Erdoğan'ın konuşmasında bahsi geçen "Türkiye Yüzyılı vizyonu," uluslararası güvenlik ve dayanışma çerçevesinde nasıl değerlendirilebilir? Türkiye'nin bu vizyonu global ölçekte ne tür etkiler yaratabilir?
Türkiye’nin vurguladığı “Türkiye Vizyonu” aslında Türkiye Cumhuriyeti’nin kuruluş ilkelerinden uzak ya da farklı bir vizyon değildir. Türkiye Cumhuriyeti kurulduğu yıllardan bu zamana kadar her zaman barışı ve tüm dünyada istikrarlı bir siyaseti benimsemiştir. Diğer ülkelerin toprak bütünlüklerine ve varlıklarına olan saygıyı 1923 yılından itibaren hedef almıştır. En başından beri de dünyada barışın sağlanmasında en önemli etkenin bölgesel olarak başlayan ve tün dünya genelinde de varlığı yayılan bir barışa vurgu yapmıştır. Bu anlamda Türkiye Cumhuriyeti’nin 100. yılının kutlanacağı yakın zamanda bu kuruluş ilkesine dikkat çekmeyi uygun bulmuştur.
Türkiye bugün bakıldığında tüm güvenlik sorunlarının öncelikle komşu sınırlarından yansıdığı bir ülke olmasına rağmen, bütün komşuları başta olmak üzere devletlerin toprak bütünlüğüne olan saygısını öncelikli mesele olarak görmektedir. Çünkü Türkiye kendi bütünlüğü ve istikrarına duymuş olduğu saygıyı diğer devletlere de göstermektedir. Son zamanlardaki dış politikasının inceliklerinde de bu siyasi ahlakı ve politikayı tüm ülkelere ihraç etme ve örnek olma konusunda istekli bir o kadar da başarılıdır.
Türkiye’nin bu barışçıl ve samimi dış politikası görüldüğü üzere başta Suriye iç savaşı olmak üzere dünya üzerinde hegemon yaklaşımı elinden bırakmayı bir türlü istemeyen ülkelerin siyasi ve politik ahlakının sorgulanması ve bunun da uluslararası örgütlerin kürsülerinde yüksek sesle dile getirilmesine önder olmaktadır.
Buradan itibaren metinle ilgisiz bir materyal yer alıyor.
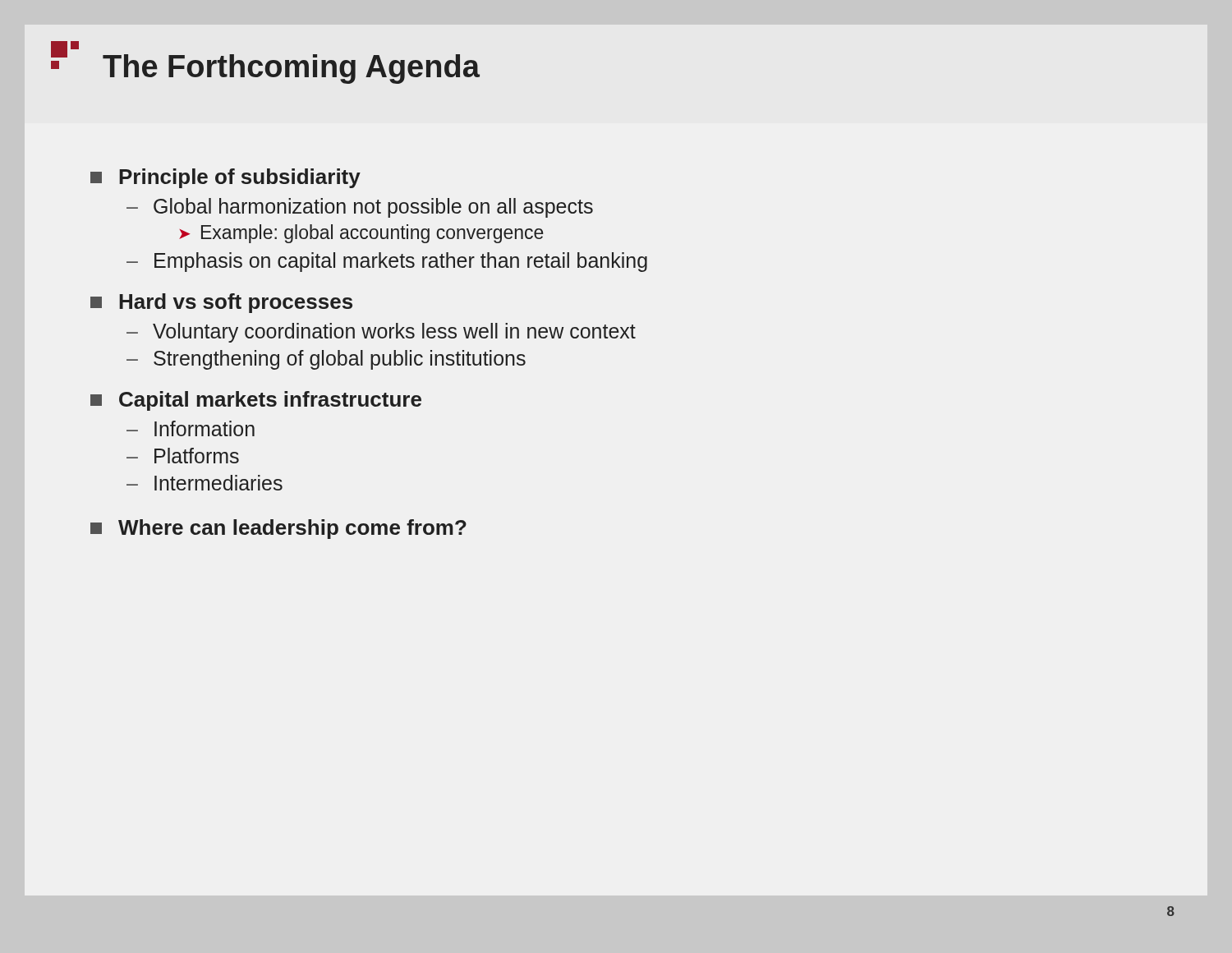Where is the passage that starts "Principle of subsidiarity"?
Viewport: 1232px width, 953px height.
[x=225, y=178]

Dünya barışının sürekliliği konusunda önder bir portre çizen Türkiye bu bağlamda kendi güvenliğinin istikrarı için gerektiğinde uluslararası hukukun ekseninde üzerine düşeni yapmakla da örnek olmaktadır. Dolayısıyla bu politikalar ile barışın sağlanması için gerekli kuvvet kullanımının nasıl olması gerektiği ile de bugün uluslararası bir örgüt olan BM’nin yapamadığını yapmaktadır.
Türkiye'nin Rusya-Ukrayna savaşına dair arabuluculuk çabaları ve "Karadeniz girişimi" ile tahıl sevkiyatı, uluslararası kriz yönetimi açısından nasıl yorumlanabilir? Türkiye bu konuda ne tür bir liderlik rolü alıyor?
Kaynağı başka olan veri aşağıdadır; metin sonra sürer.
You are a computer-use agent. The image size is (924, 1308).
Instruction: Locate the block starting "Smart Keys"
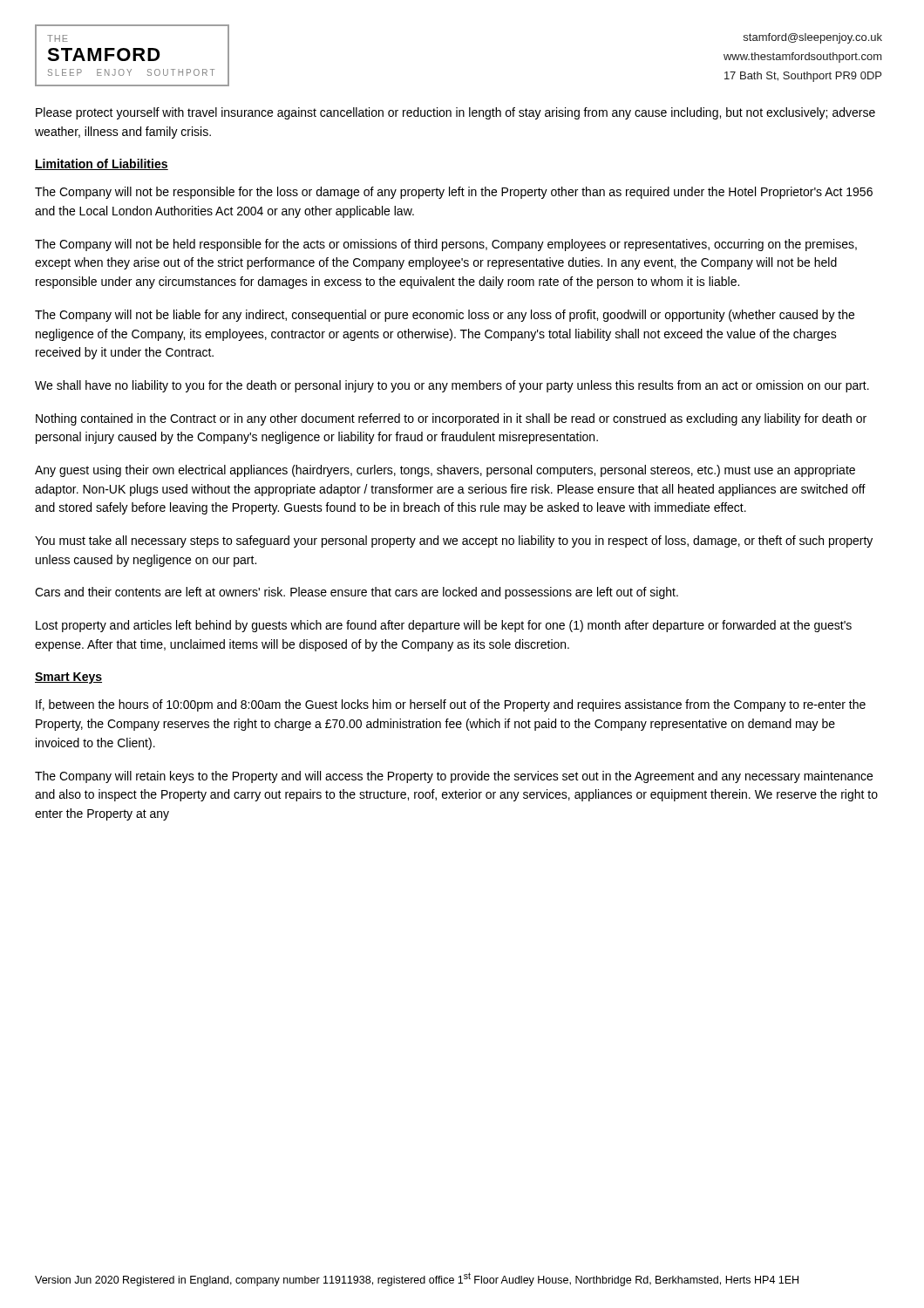click(68, 677)

Aslında bu sorunuzun cevabı ilk iki sorunuzun cevabına çok yakın. Her iki ülke Türkiye’nin komşusu ve çeşitli işbirliği içinde olduğu ülkeler. Belki özellikle Tahıl Koridoru konusunda yapmış olduğu arabuluculuk ve önderlik sıklıkla dile getirilen bir analiz olarak düşünülebilir. Belirtmek gerekir ki gerçekten sadece bölgesel barış ve güvenliği önceleyen bir girişim olmakla kalmayıp, dünyanın geri kalanında açlıktan ölen çocuklar başta olmak üzere insan haklarının korunması ve hak anlayışının gelişmesi açısından da önemli bir girişimdir.
Dünya ekolojik sisteminin bozulması, iklim mülteciliği öncelikli olmak kaydıyla birçok su, gıda sorununu gündeme getirmektedir. Biz belki de bundan çok değil 10 yıl sonra çatışmaların sebeplerinin bu sorunlar nedeniyle ortaya çıktığını konuşacağız. Türkiye işte şimdiden bu sorunların önünü almak adına dünyaya örnek olmak bir yana tüm ülkelerin dikkatini de bu olgular üzerine çekmektedir.
Tek bir konu üzerinden yürütülen girişimler aslında gelecekteki birçok sorunun çözülmesi için gösterilen çabalardır. Türkiye bu bağlamda bölgesel sınırların dışına çıkmış ve tüm dünya üzerinde etkin birçok dış politika girişimleri ile liderlik yapmıştır.